[[ Information, beginning ]]
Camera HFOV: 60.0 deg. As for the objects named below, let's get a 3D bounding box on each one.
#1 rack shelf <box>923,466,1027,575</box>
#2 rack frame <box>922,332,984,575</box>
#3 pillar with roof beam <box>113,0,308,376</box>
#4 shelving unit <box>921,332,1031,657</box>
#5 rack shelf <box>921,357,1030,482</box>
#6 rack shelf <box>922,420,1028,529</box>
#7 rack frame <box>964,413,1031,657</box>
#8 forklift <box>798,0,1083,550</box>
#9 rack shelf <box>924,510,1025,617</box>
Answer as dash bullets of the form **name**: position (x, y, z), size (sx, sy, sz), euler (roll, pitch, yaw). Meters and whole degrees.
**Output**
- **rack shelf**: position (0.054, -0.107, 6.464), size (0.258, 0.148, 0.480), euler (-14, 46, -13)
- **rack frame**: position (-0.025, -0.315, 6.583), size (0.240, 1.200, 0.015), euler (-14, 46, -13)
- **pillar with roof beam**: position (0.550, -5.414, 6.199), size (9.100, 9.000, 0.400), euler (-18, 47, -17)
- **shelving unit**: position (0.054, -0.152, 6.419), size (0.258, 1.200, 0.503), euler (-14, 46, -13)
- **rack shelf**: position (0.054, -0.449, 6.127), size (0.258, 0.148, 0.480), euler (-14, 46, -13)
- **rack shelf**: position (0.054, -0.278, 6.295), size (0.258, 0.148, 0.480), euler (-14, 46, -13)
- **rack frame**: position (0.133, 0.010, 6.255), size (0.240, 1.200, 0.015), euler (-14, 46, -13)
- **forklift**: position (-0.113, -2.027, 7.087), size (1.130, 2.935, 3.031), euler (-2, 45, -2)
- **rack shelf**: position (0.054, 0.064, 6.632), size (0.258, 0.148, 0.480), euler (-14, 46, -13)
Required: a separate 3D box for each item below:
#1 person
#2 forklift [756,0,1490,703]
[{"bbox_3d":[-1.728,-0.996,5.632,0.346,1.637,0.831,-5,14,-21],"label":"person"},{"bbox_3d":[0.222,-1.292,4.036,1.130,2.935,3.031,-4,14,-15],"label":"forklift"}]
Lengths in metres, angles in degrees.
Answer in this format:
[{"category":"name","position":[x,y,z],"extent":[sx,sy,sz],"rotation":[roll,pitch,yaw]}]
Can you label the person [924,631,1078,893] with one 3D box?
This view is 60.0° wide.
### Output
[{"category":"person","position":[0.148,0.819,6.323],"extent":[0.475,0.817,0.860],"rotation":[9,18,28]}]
[[ Information, end ]]
Directions: The reply should hold only the lines from the top of the records through the line that has "Answer as dash", each one exact.

Answer section:
Camera HFOV: 60.0 deg. As for the objects named below, let's get a 3D bounding box on each one.
#1 rack shelf <box>923,466,1027,575</box>
#2 rack frame <box>922,332,984,575</box>
#3 pillar with roof beam <box>113,0,308,376</box>
#4 shelving unit <box>921,332,1031,657</box>
#5 rack shelf <box>921,357,1030,482</box>
#6 rack shelf <box>922,420,1028,529</box>
#7 rack frame <box>964,413,1031,657</box>
#8 forklift <box>798,0,1083,550</box>
#9 rack shelf <box>924,510,1025,617</box>
Answer as dash bullets of the form **name**: position (x, y, z), size (sx, sy, sz), euler (roll, pitch, yaw). Meters and whole degrees.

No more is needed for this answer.